-- WHAT YOU ARE ASKED TO DO --
Reproduce, exactly and in full, the records that follow, minus any pictures.
[[ DATA FOR PROCESSING, beginning ]]
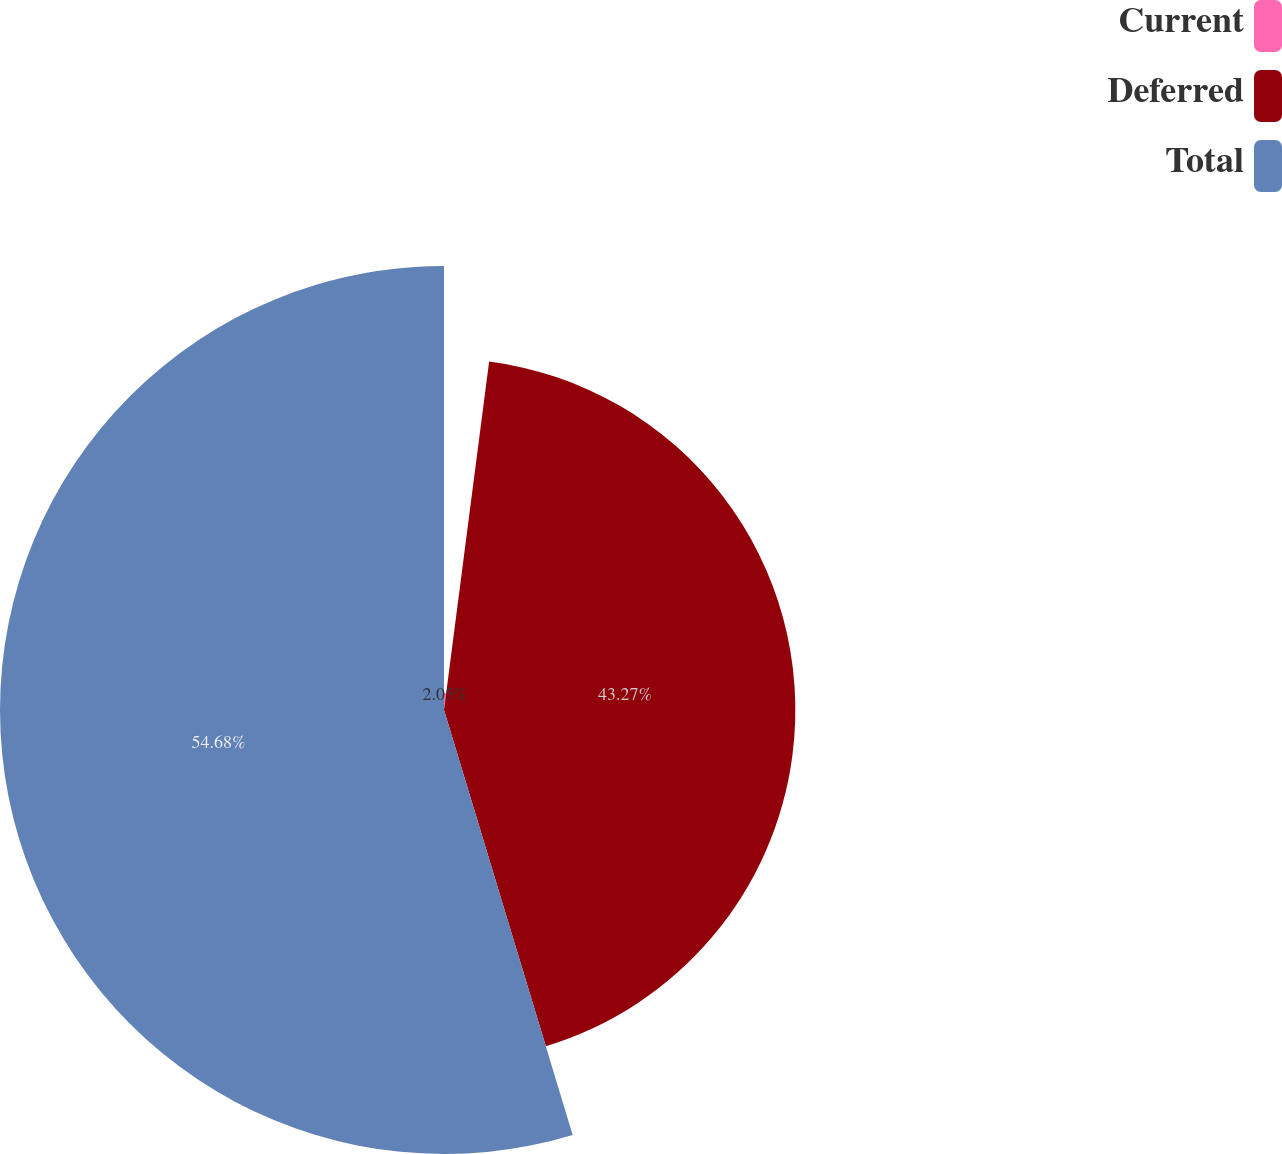Convert chart. <chart><loc_0><loc_0><loc_500><loc_500><pie_chart><fcel>Current<fcel>Deferred<fcel>Total<nl><fcel>2.05%<fcel>43.27%<fcel>54.68%<nl></chart> 
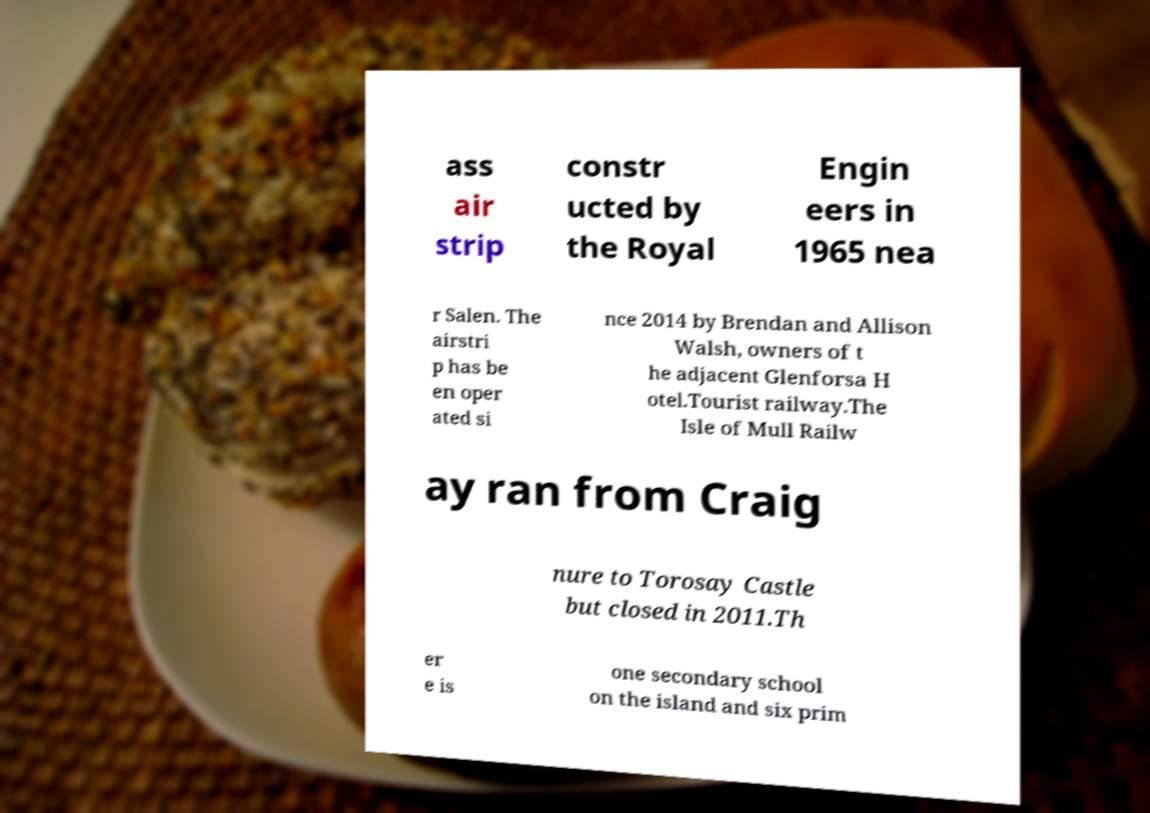Please read and relay the text visible in this image. What does it say? ass air strip constr ucted by the Royal Engin eers in 1965 nea r Salen. The airstri p has be en oper ated si nce 2014 by Brendan and Allison Walsh, owners of t he adjacent Glenforsa H otel.Tourist railway.The Isle of Mull Railw ay ran from Craig nure to Torosay Castle but closed in 2011.Th er e is one secondary school on the island and six prim 
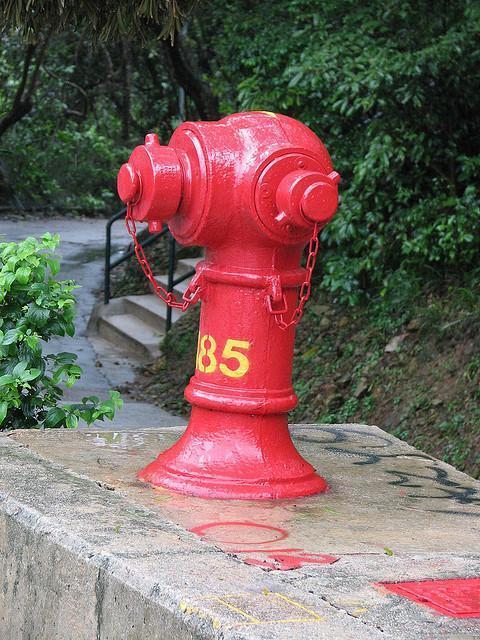How many white cars are there?
Give a very brief answer. 0. 
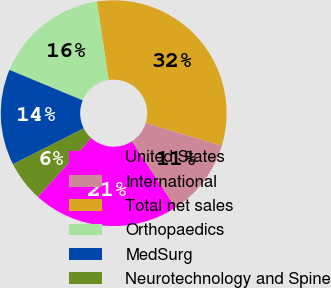Convert chart to OTSL. <chart><loc_0><loc_0><loc_500><loc_500><pie_chart><fcel>United States<fcel>International<fcel>Total net sales<fcel>Orthopaedics<fcel>MedSurg<fcel>Neurotechnology and Spine<nl><fcel>20.95%<fcel>11.1%<fcel>32.05%<fcel>16.35%<fcel>13.73%<fcel>5.81%<nl></chart>
[[ DATA FOR PROCESSING, end ]]
-- WRITTEN SOLUTION --
Convert chart. <chart><loc_0><loc_0><loc_500><loc_500><pie_chart><fcel>Current<fcel>Deferred<fcel>Total<nl><fcel>2.05%<fcel>43.27%<fcel>54.68%<nl></chart> 
Please read and relay the text visible in this image. What does it say? ass air strip constr ucted by the Royal Engin eers in 1965 nea r Salen. The airstri p has be en oper ated si nce 2014 by Brendan and Allison Walsh, owners of t he adjacent Glenforsa H otel.Tourist railway.The Isle of Mull Railw ay ran from Craig nure to Torosay Castle but closed in 2011.Th er e is one secondary school on the island and six prim 
How many white cars are there?
Give a very brief answer. 0. 
Convert chart to OTSL. <chart><loc_0><loc_0><loc_500><loc_500><pie_chart><fcel>United States<fcel>International<fcel>Total net sales<fcel>Orthopaedics<fcel>MedSurg<fcel>Neurotechnology and Spine<nl><fcel>20.95%<fcel>11.1%<fcel>32.05%<fcel>16.35%<fcel>13.73%<fcel>5.81%<nl></chart>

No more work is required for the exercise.